Why do asphalt pavers have strong residual values?

Asphalt pavers hold strong residual values primarily because of sustained infrastructure spending — both federal and state highway programs create consistent demand for paving equipment regardless of broader economic cycles. The Infrastructure Investment and Jobs Act (IIJA) of 2021 allocated $110 billion for roads and bridges, creating a multi-year equipment demand tailwind. Additionally, asphalt pavers are relatively specialized machines with a limited buyer pool of professional paving contractors, which means fewer machines flood the secondary market during downturns. A well-maintained 5-year-old Cat AP1000F or Vögele SUPER 1900-3 retains 50%–60% of new value.

What are typical asphalt paver financing terms in 2024?
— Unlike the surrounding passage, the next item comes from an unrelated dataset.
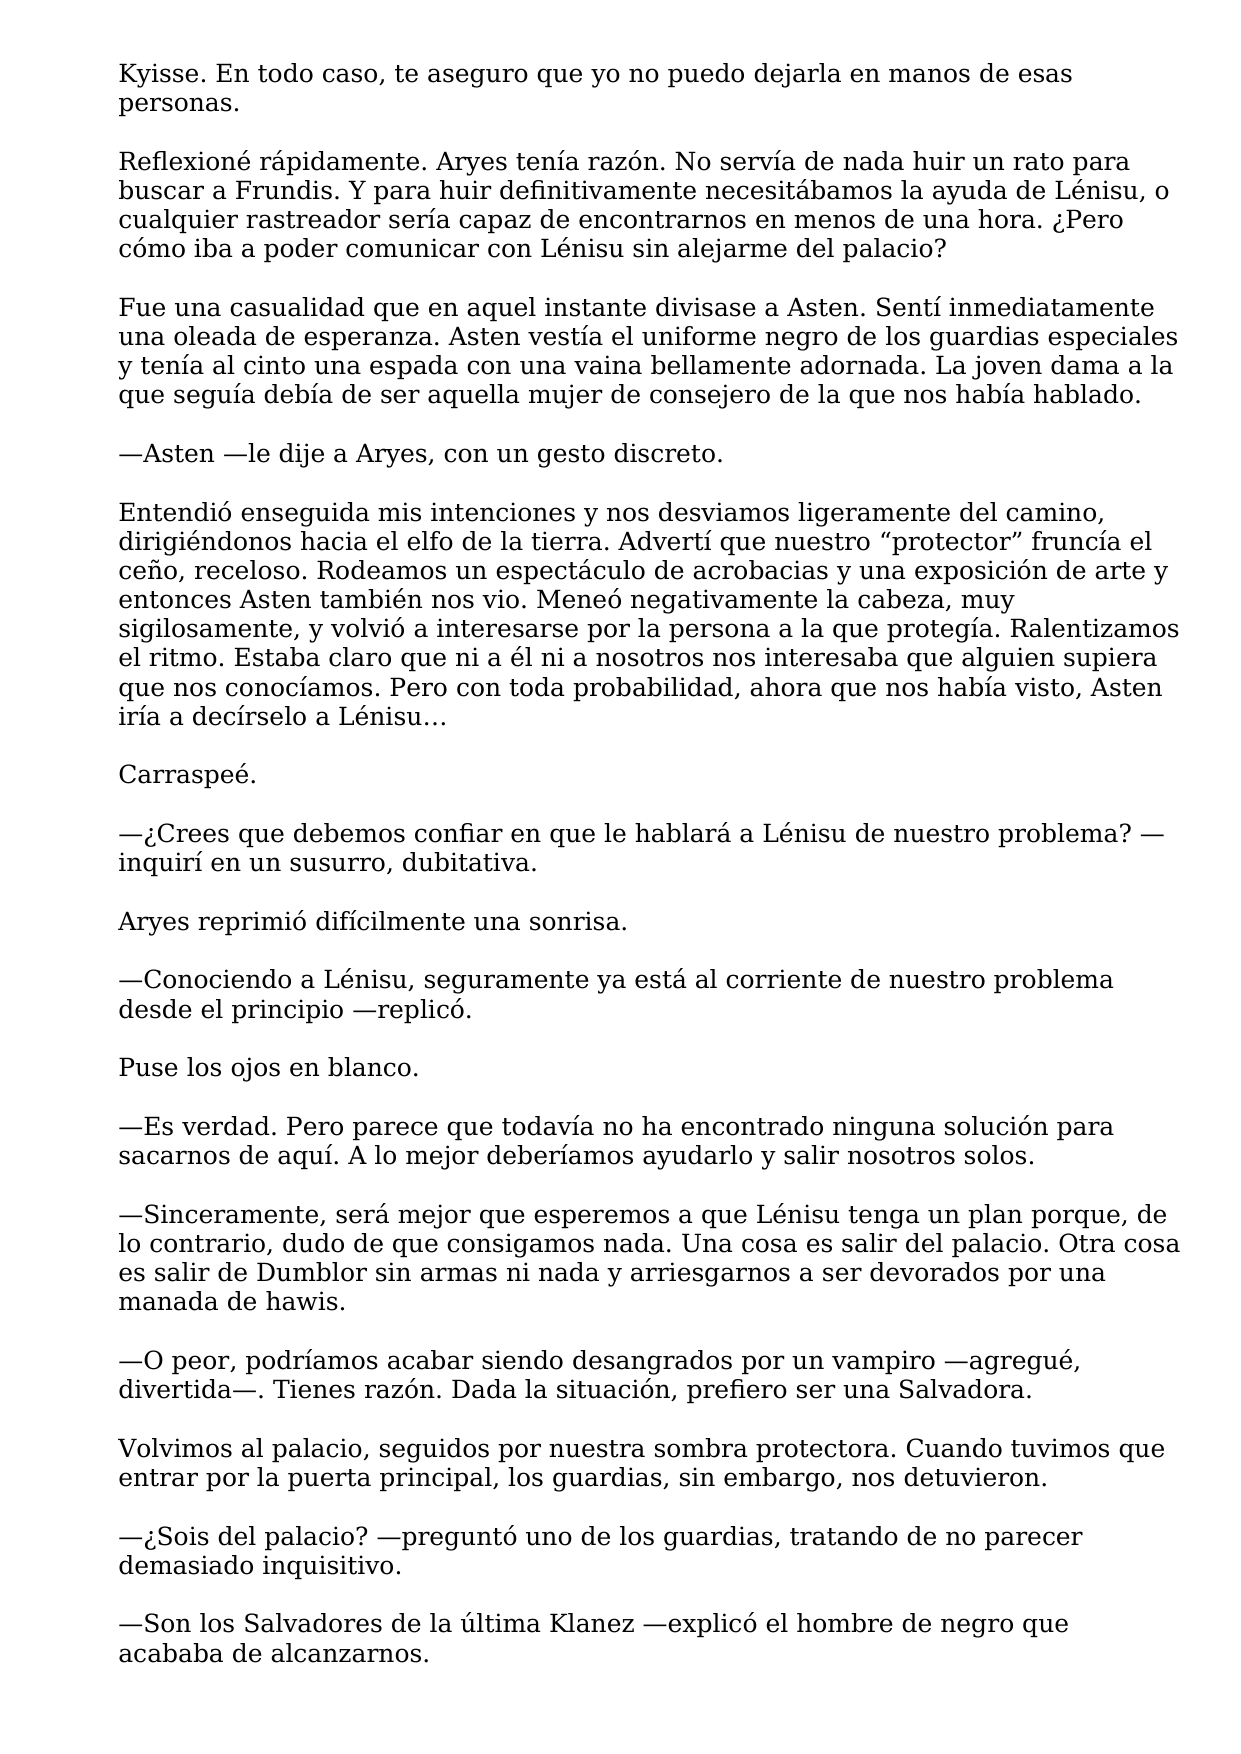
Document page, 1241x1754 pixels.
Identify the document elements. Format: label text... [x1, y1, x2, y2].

Asphalt pavers finance for 60–84 months given their high purchase prices. Rates in 2024 range from 6.5%–11% APR for established paving contractors with strong credit and revenue history. Cat Financial and Wirtgen Group (parent of Vögele and Hamm) offer OEM programs with periodic promotional rates. Down payments are typically 0%–10% for qualified businesses. For pavers above $400,000, lenders typically require 3+ years of tax returns, current financials, and often evidence of paving contracts or backlog showing consistent work.

Can I finance asphalt rollers and a paver together as a package?

Yes — paving equipment packages (paver + rollers + possibly a material transfer vehicle) are commonly financed as a single loan or lease. Packaging equipment simplifies the financing process: one application, one approval, one monthly payment. Lenders familiar with paving operations understand that a paver without rollers is incomplete — a package loan increases total collateral value and demonstrates a complete, revenue-generating paving operation to the lender. Most construction equipment lenders who finance pavers will include rollers and other paving support equipment in the same transaction.

How are asphalt milling machines financed differently from pavers?

Asphalt milling machines (cold planers) are financed similarly to pavers but at higher loan amounts ($300,000–$1.5M), which triggers more intensive underwriting. Lenders require stronger documentation for milling machine loans: 3+ years of tax returns, evidence of milling contract backlog, and sometimes proof of operator certifications. Large milling machines (Wirtgen W 200 and larger) can approach $1.5M and require a lender with experience in very large construction equipment loans. Cat Financial and Wirtgen Financial Services are the primary OEM lenders for milling equipment.

What is a Wirtgen Group and how does it affect paving equipment financing?

Wirtgen Group (owned by John Deere since 2017) is the parent company of four major paving brands: Wirtgen (milling machines), Vögele (pavers), Hamm (compaction rollers), and Kleemann (crushing/screening). This consolidation matters for financing because John Deere Financial now provides OEM financing across all four brands through a unified program. For a paving contractor buying a Vögele paver, Hamm rollers, and Wirtgen milling machine, a single John Deere Financial application can cover the entire package — simplifying the process significantly compared to dealing with multiple OEM lenders.

What credit score and business history do I need to finance a paver?

For asphalt paver financing, most lenders look for: personal FICO score of 680+ (700+ for best rates), 3+ years in business (5+ for pavers above $400,000), annual business revenue at least 2–3x the annual loan payment, and an existing equipment track record (owning and paying off prior equipment loans). Startup paving businesses face significant challenges financing large pavers — most lenders require 2+ years in business. The best path for a startup is: 20%–30% down, strong personal credit (720+), personal guarantee, and possibly a shorter term (48–60 months) to demonstrate creditworthiness.